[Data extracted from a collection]
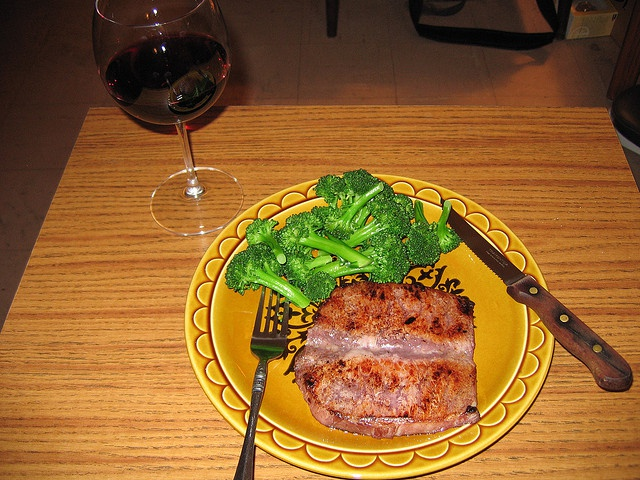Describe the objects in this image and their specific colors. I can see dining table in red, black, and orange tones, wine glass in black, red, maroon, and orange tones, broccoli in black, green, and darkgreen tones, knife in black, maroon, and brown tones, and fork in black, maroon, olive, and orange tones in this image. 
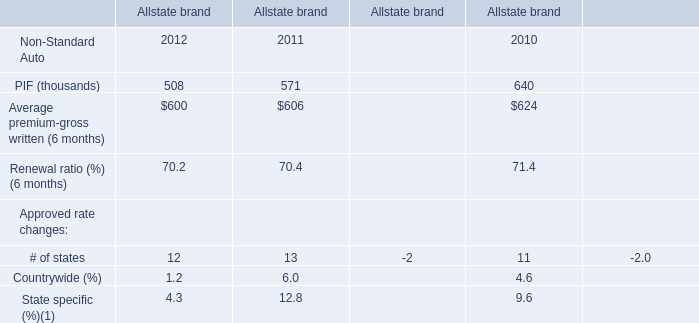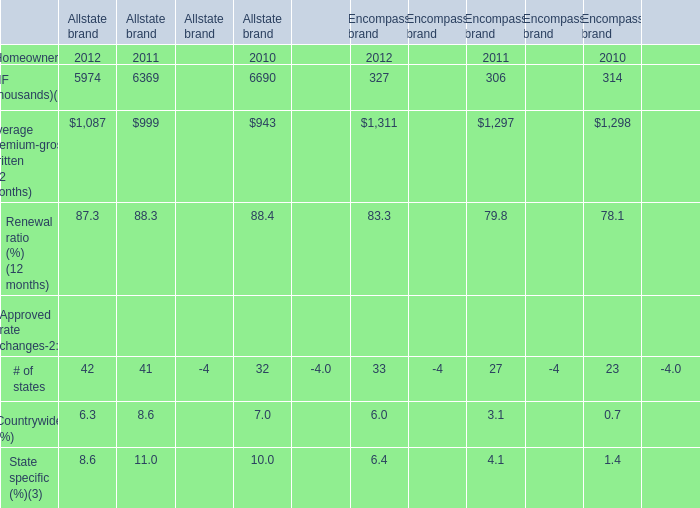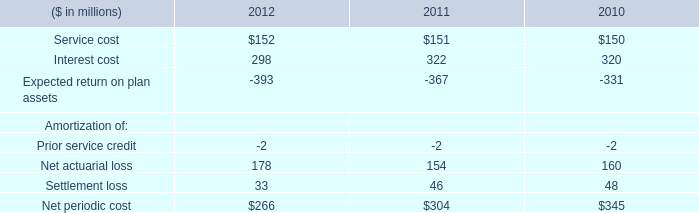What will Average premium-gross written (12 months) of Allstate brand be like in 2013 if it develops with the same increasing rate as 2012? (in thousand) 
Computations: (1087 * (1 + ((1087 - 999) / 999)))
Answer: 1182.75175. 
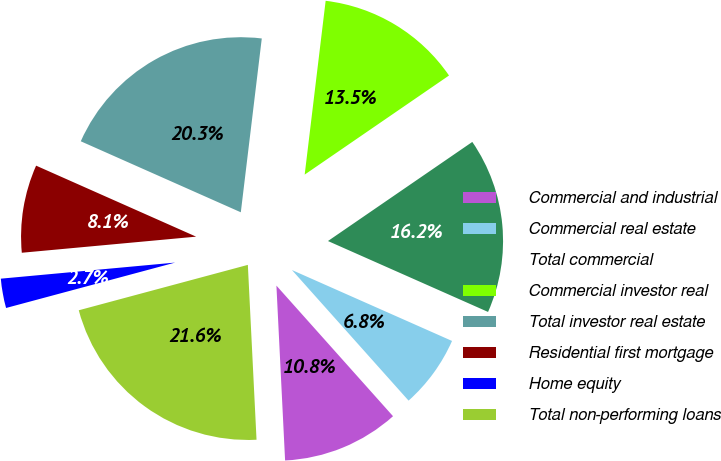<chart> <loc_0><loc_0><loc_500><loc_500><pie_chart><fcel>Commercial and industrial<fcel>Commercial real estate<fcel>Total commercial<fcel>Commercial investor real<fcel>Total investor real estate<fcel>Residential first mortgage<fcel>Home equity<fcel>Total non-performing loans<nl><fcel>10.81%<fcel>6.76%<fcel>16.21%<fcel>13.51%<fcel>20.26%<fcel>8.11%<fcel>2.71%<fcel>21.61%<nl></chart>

---

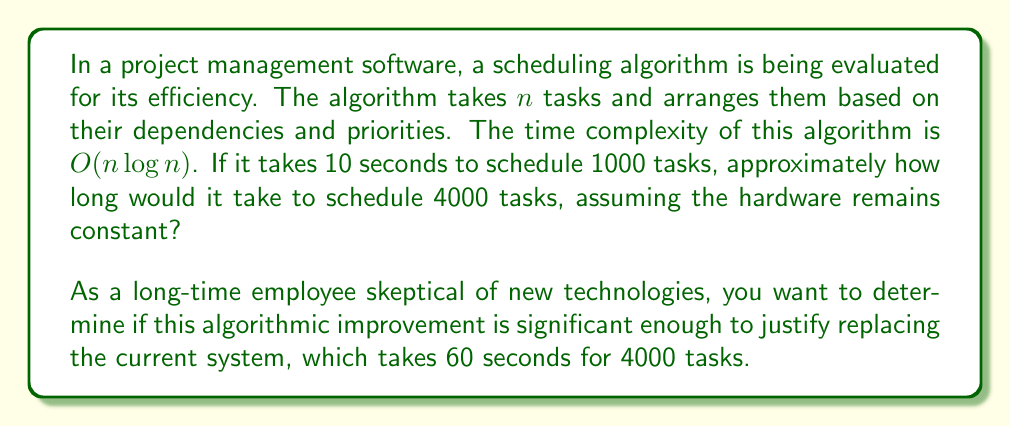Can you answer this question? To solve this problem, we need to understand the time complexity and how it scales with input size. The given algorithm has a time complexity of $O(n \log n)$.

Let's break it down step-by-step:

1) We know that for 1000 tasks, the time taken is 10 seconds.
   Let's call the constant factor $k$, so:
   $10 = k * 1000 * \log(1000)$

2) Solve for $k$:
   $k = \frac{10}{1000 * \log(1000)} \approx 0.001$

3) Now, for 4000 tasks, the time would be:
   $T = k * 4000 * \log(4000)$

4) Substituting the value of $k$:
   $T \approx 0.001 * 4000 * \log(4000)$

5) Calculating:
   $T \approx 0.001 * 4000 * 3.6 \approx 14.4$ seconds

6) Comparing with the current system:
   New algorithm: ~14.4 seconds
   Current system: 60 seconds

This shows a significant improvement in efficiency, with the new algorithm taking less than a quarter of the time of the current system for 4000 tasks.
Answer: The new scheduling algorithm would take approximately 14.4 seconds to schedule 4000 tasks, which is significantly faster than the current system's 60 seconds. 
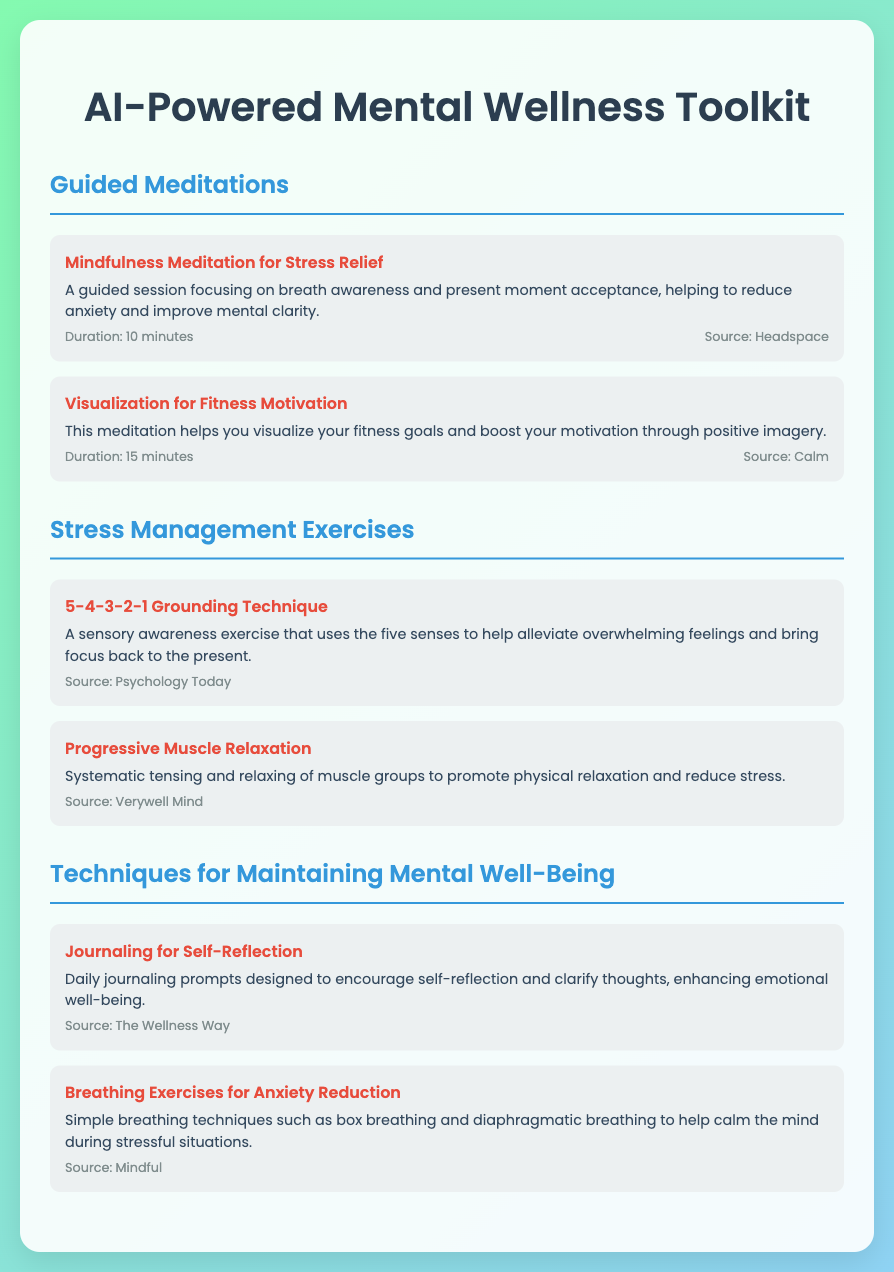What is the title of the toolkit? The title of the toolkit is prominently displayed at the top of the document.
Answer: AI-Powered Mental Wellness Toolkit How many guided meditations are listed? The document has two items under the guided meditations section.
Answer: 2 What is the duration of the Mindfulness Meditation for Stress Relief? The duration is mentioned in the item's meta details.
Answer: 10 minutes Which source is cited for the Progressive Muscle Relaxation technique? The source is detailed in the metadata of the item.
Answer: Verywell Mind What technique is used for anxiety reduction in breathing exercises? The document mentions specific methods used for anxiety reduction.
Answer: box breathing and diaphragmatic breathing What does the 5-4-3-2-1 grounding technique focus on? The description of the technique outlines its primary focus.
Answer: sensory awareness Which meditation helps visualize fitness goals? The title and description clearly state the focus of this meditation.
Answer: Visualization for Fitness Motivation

* * *

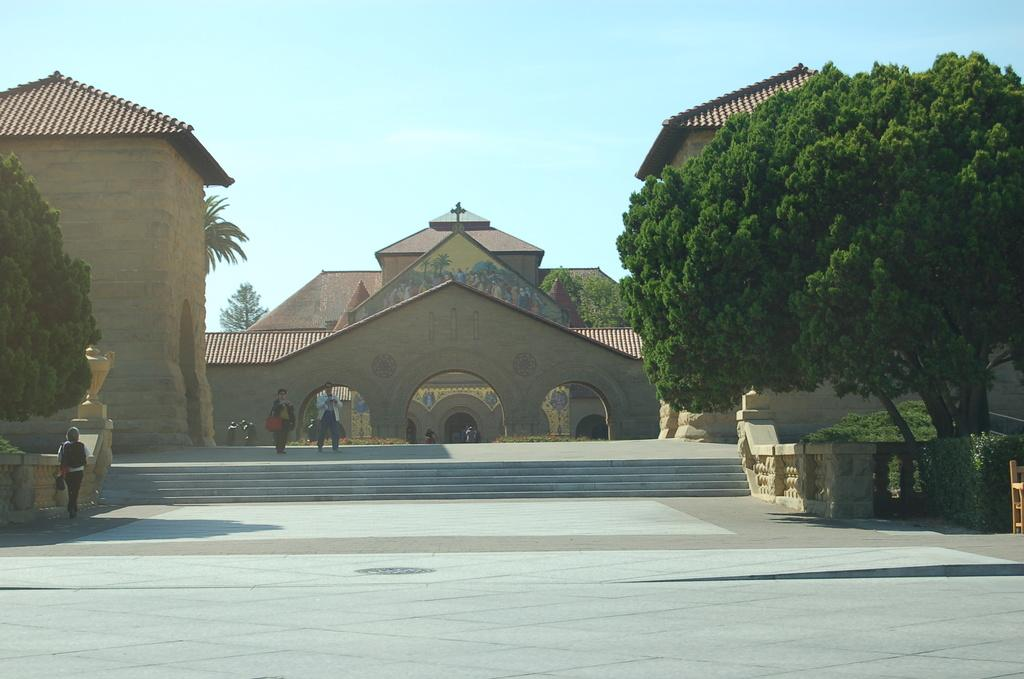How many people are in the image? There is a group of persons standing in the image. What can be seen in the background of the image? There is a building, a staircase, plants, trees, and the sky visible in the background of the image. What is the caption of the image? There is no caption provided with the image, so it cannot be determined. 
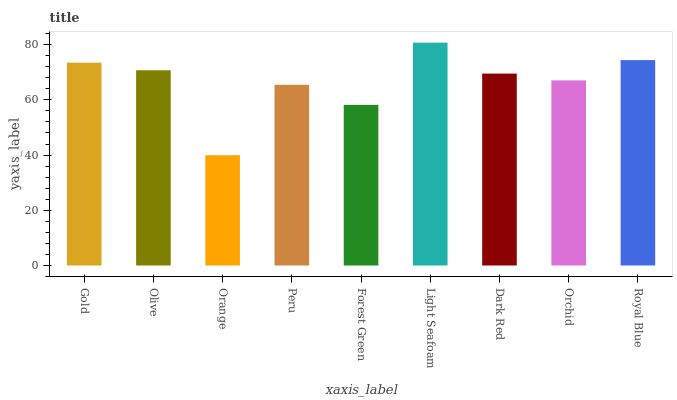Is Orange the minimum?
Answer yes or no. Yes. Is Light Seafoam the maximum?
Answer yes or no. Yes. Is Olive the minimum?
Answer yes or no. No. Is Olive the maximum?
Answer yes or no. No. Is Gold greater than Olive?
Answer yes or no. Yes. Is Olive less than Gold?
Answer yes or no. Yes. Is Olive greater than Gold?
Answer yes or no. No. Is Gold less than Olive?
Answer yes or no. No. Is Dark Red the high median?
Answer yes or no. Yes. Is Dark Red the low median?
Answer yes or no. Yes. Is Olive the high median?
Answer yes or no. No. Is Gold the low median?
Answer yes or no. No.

§ **Assignment**
Give exactly the lines above that run from the line with "0.001 * 4000 * \log(4000)$" to the line with "What is the title", both included, leaving every picture out.

§ **Response to this task**
   $T \approx 0.001 * 4000 * \log(4000)$

5) Calculating:
   $T \approx 0.001 * 4000 * 3.6 \approx 14.4$ seconds

6) Comparing with the current system:
   New algorithm: ~14.4 seconds
   Current system: 60 seconds

This shows a significant improvement in efficiency, with the new algorithm taking less than a quarter of the time of the current system for 4000 tasks.
Answer: The new scheduling algorithm would take approximately 14.4 seconds to schedule 4000 tasks, which is significantly faster than the current system's 60 seconds. 
What is the title of the toolkit? The title of the toolkit is prominently displayed at the top of the document.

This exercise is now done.